Global’s debt collection business
[12] Global currently employs just over 300 debt collectors who work on assigned “desks” or “accounts” to locate and persuade reluctant debtors to pay all or part of the amount owing, typically by remitting post-dated cheques.
[13] Collection staff is compensated with a salary and an opportunity to earn commissions. The salaries that are paid to collection staff are significant. During the time in question, the representative plaintiff, Bakshi, was paid a salary of about $38,400. His co-workers and co-affiants, Curalli, Price and Manorath, were paid $48,000, $52,000 and $60,000, respectively.
[14] The commission structure is based on two broad propositions: commissions are paid when Global is paid, and commissions are paid when a pre-assigned “breakeven” is exceeded. Let me explain each of these points in turn.
[15] First, commissions are paid when Global is paid. No collection agency would bind itself to pay employee commissions on amounts that they themselves have not earned as fees from the client. Global receives a service fee (or commission) ranging from 15 to 20 percent for the collections that are made, “cashed” and remitted to the client. The more Global can collect and cash, the more it will be paid by the client and the more it can pass on to its collection staff. But only if Global is paid first.
[16] Second, there is the “breakeven” requirement. To incentivize their collections staff, Global offers a monthly “commission deal” that is set out in a short memorandum to the employee on the first day of the month. The commission agreement, in essence, assigns an individual “breakeven” number, which is a multiple of the debt collector’s monthly salary and provides for a 15 percent commission “on all monies exceeding your breakeven.”
[17] The breakevens that are individually assigned by management to the debt collectors generally range from three to five times their monthly salary. The typical breakeven is three times monthly salary. Thus, if Mr. Bakshi’s monthly salary were, say $3,200, then his “three times monthly salary” breakeven for the upcoming month would be $9,600. If Mr. Manorath’s monthly salary were $5,000, his assigned breakeven would be $15,000.

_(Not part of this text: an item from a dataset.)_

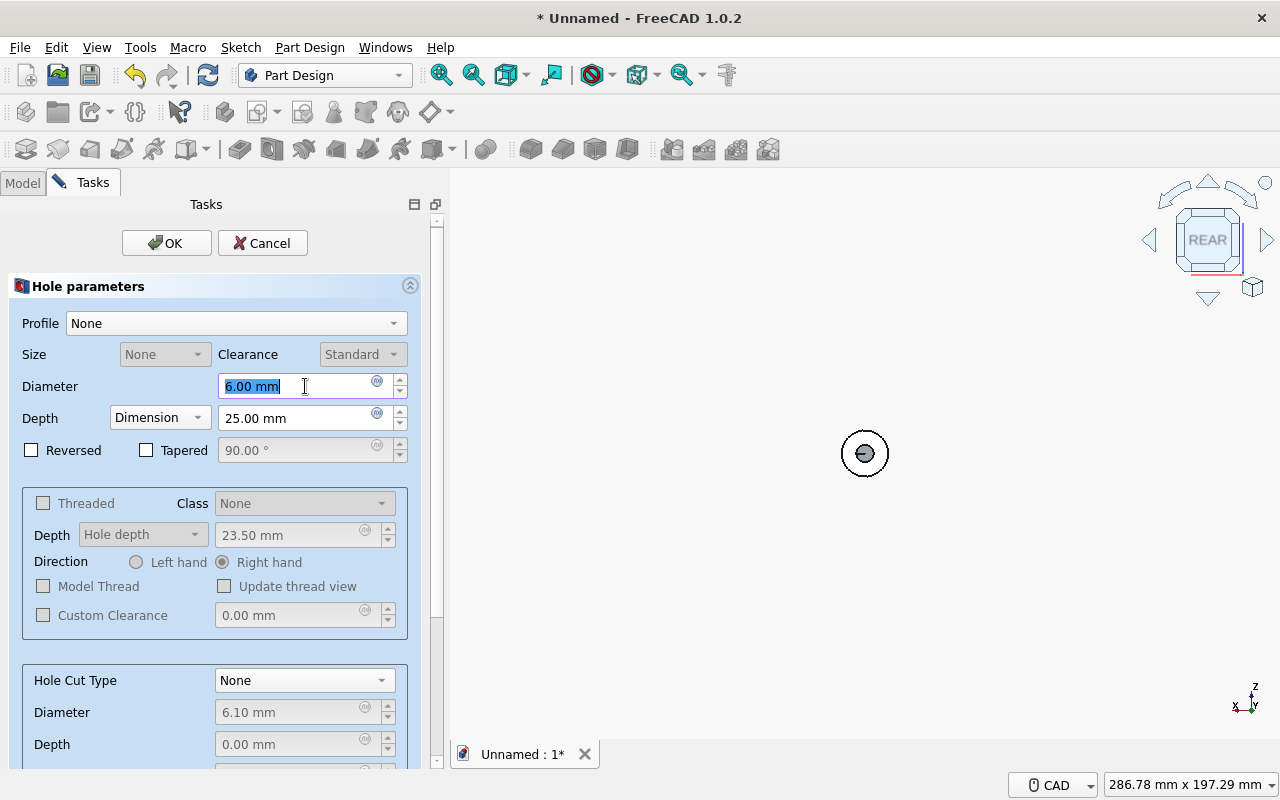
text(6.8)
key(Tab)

[18] All cheques or post-dated cheques that are collected and payable in that month go toward building up the debt collector’s assigned breakeven. Once the breakeven is reached, the debt collector is paid a 15 percent commission on the amount collected over the breakeven. If a post-dated cheque is returned NSF, that amount is deducted the next month. At the start of every month, the process begins anew. The focus is on monthly productivity. As Mr. Manorath, a seasoned debt collector, explained: “In this game that we play called collections on a 30-day cycle, it’s all performance based.”
[19] The monthly commission structure at Global is common to the collection industry. If a debt collector exceeds a pre-assigned monthly threshold, he or she can add another one or two thousand dollars (sometimes more) to the monthly pay cheque. But not every debt collector will clear his or her breakeven. Only a fraction of the debt collectors have the skill or the experience to earn commissions. One of the plaintiff’s co-workers testified that about 20 percent of the debt collectors earn commissions. Another indicated that the portion was about a third. The point is this: the number of debt collectors that exceeded their breakevens and were paid commissions was not large, at most a third.

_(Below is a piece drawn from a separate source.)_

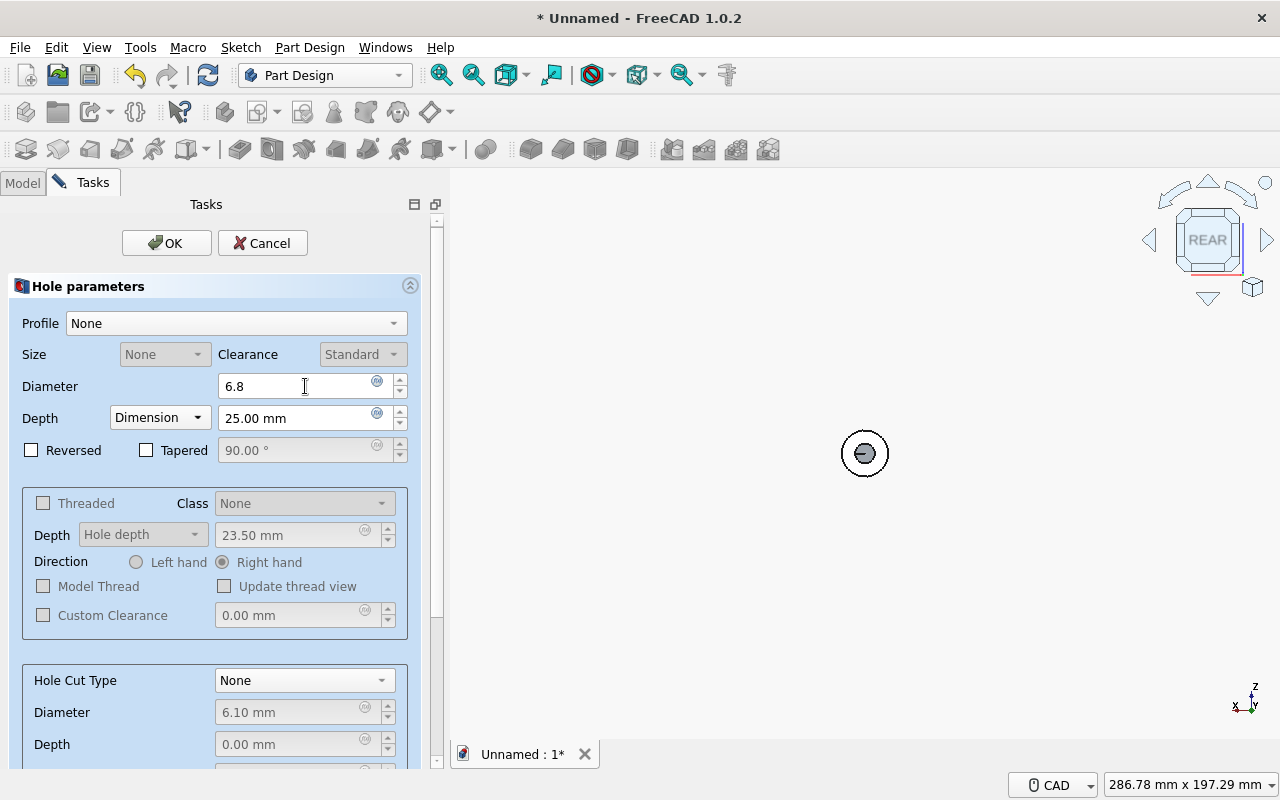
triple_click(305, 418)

[20] The collection staff understood and accepted that the breakeven was designed primarily to cover the debt collector’s salary and overhead, provide some profit margin to Global and generally incentivize the collections staff to increase their productivity. They also understood and accepted that the breakeven could change monthly, depending on a range of factors: the nature of the account that was being worked, including the difficulty in collectability; changing currency rates or economic conditions; and changing internal financial realities, including the ongoing profitability of the company. As the plaintiff himself acknowledged, “[Global’s] got to make their margins too, right?”
[21] The collection staff also understood and accepted, as the monthly “commission deal” memo made clear, that commissions could be reduced or eliminated entirely if there were problems with NSF’s, regulatory violations or non-compliance with departmental work standards.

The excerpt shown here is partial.